| Exercise details |
The answer should consist of each line below that contains the word "test".

Exercise material Start Marker

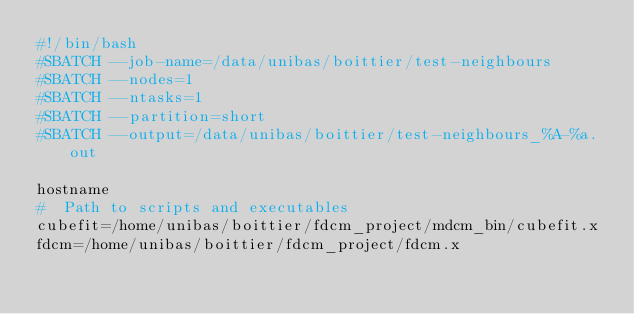<code> <loc_0><loc_0><loc_500><loc_500><_Bash_>#!/bin/bash
#SBATCH --job-name=/data/unibas/boittier/test-neighbours
#SBATCH --nodes=1
#SBATCH --ntasks=1
#SBATCH --partition=short
#SBATCH --output=/data/unibas/boittier/test-neighbours_%A-%a.out

hostname
#  Path to scripts and executables
cubefit=/home/unibas/boittier/fdcm_project/mdcm_bin/cubefit.x
fdcm=/home/unibas/boittier/fdcm_project/fdcm.x</code> 
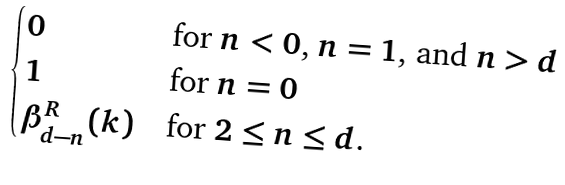Convert formula to latex. <formula><loc_0><loc_0><loc_500><loc_500>\begin{cases} 0 & \text {for $n<0$, $n=1$, and $n>d$} \\ 1 & \text {for $n=0$} \\ \beta _ { d - n } ^ { R } ( k ) & \text {for $2 \leq n \leq d$.} \end{cases}</formula> 
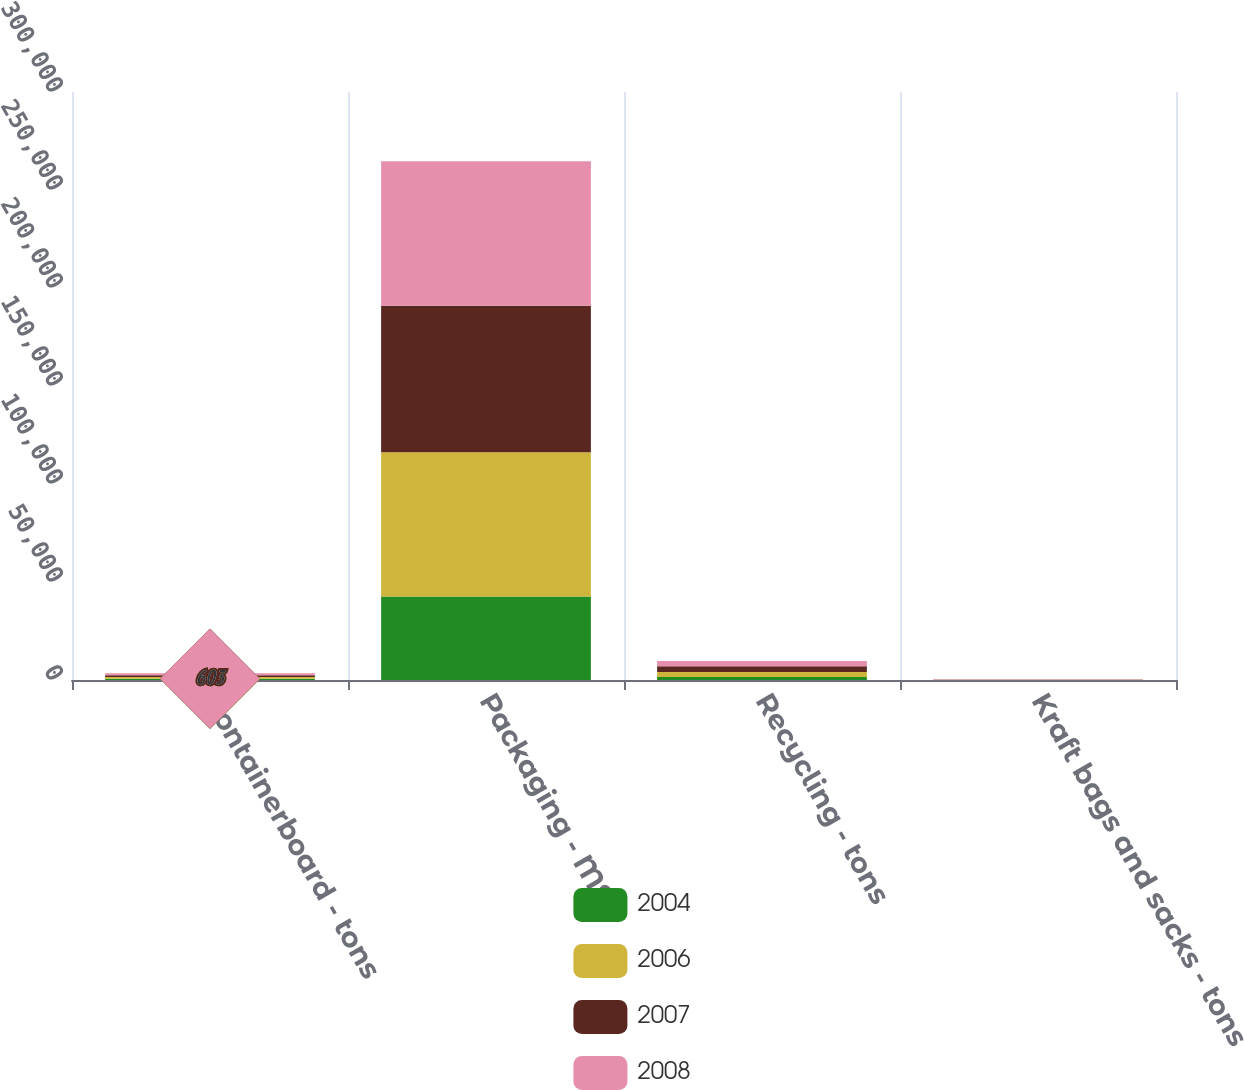Convert chart to OTSL. <chart><loc_0><loc_0><loc_500><loc_500><stacked_bar_chart><ecel><fcel>Containerboard - tons<fcel>Packaging - MSF<fcel>Recycling - tons<fcel>Kraft bags and sacks - tons<nl><fcel>2004<fcel>603<fcel>42566<fcel>1556<fcel>56<nl><fcel>2006<fcel>957<fcel>73572<fcel>2580<fcel>99<nl><fcel>2007<fcel>856<fcel>74867<fcel>2875<fcel>89<nl><fcel>2008<fcel>1046<fcel>73631<fcel>2728<fcel>89<nl></chart> 
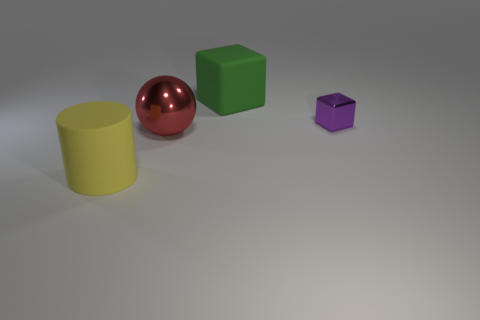Add 3 rubber objects. How many objects exist? 7 Subtract all cylinders. How many objects are left? 3 Subtract 0 gray cylinders. How many objects are left? 4 Subtract all gray cylinders. Subtract all gray blocks. How many cylinders are left? 1 Subtract all large cyan cylinders. Subtract all large metal objects. How many objects are left? 3 Add 3 purple metal things. How many purple metal things are left? 4 Add 3 large yellow cylinders. How many large yellow cylinders exist? 4 
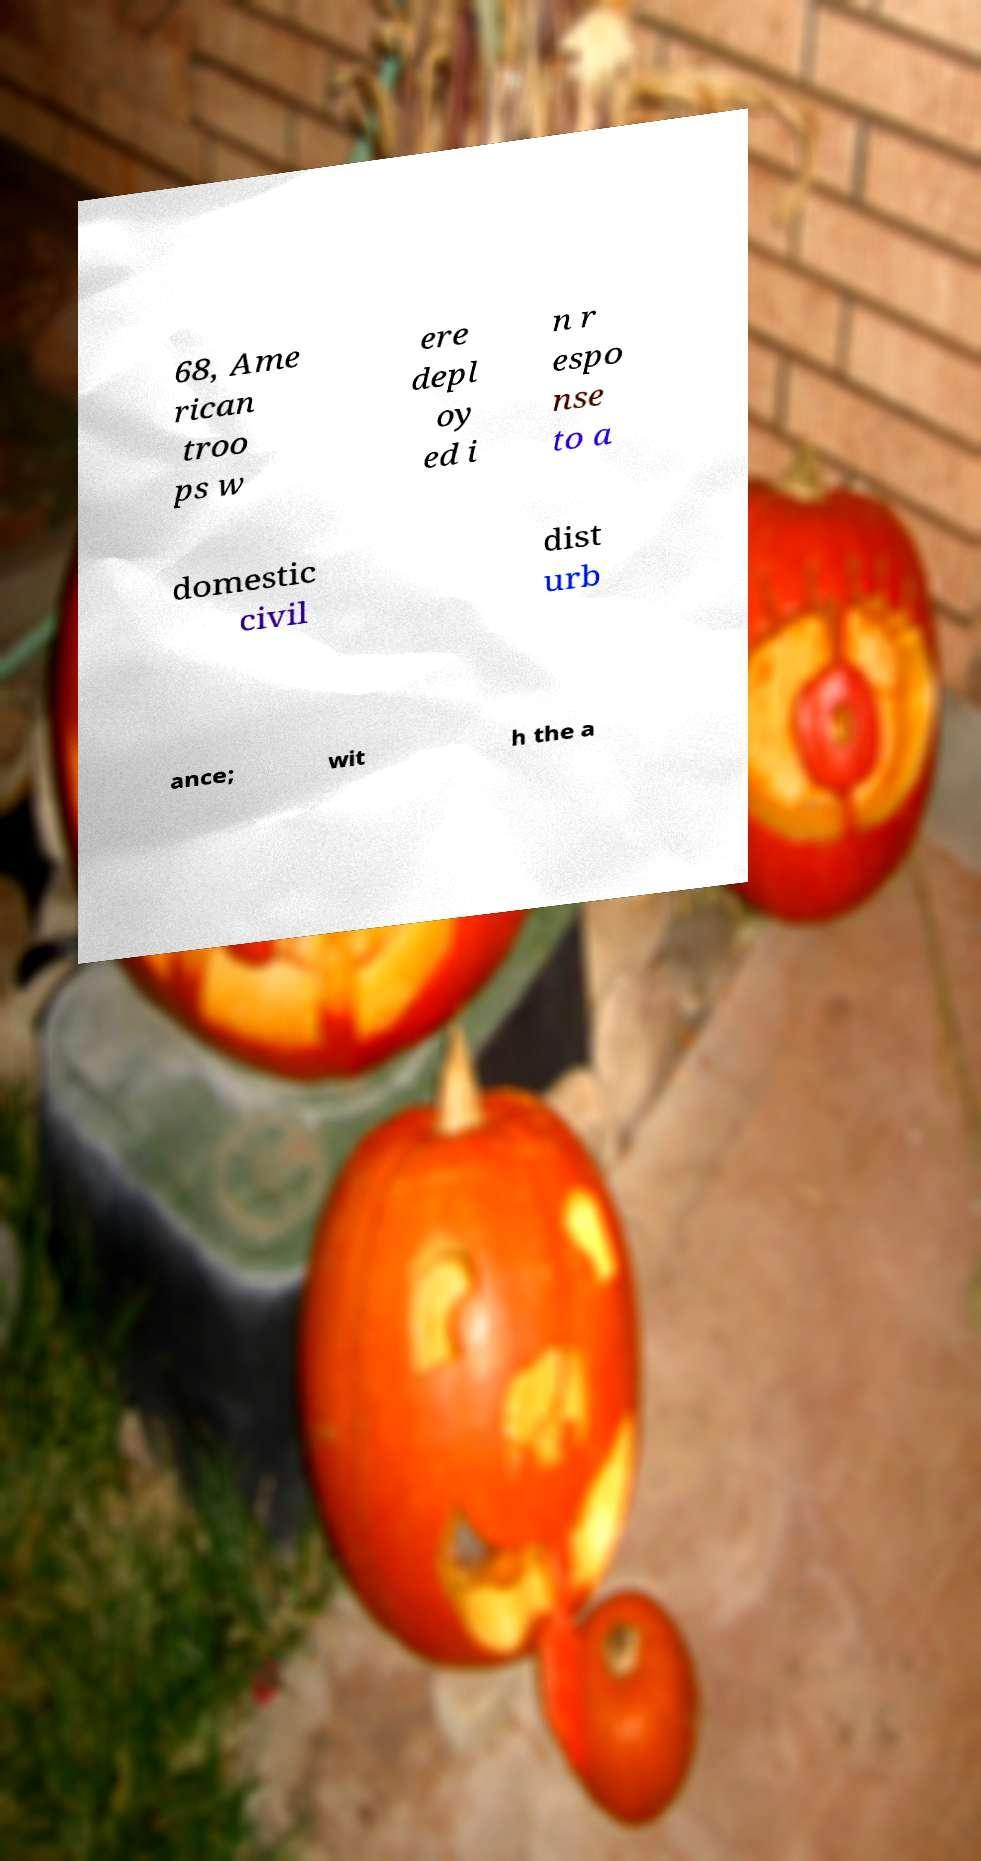Can you accurately transcribe the text from the provided image for me? 68, Ame rican troo ps w ere depl oy ed i n r espo nse to a domestic civil dist urb ance; wit h the a 
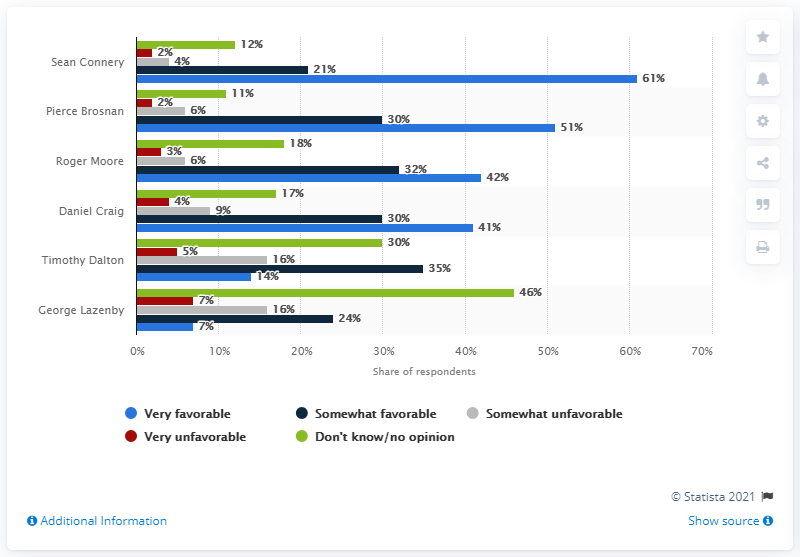Can you tell me how the other actors compared to Sean Connery in terms of favorability? Besides Sean Connery, Pierce Brosnan has a notable favorability, with 51% of respondents giving him a 'very favorable' rating. Roger Moore follows with 42%, and Daniel Craig with 41%. The others rank noticeably lower, indicating a significant gap in popularity. What can you tell me about the least favorable James Bond actor based on the image? George Lazenby appears to be the least favorable James Bond as per the image, with around 46% of respondents viewing him unfavorably. His shorter tenure as Bond might have contributed to lesser popularity.

Exercise material End Marker

| Task solution |
#SBATCH --job-name=/data/unibas/boittier/test-neighbours
#SBATCH --output=/data/unibas/boittier/test-neighbours_%A-%a.out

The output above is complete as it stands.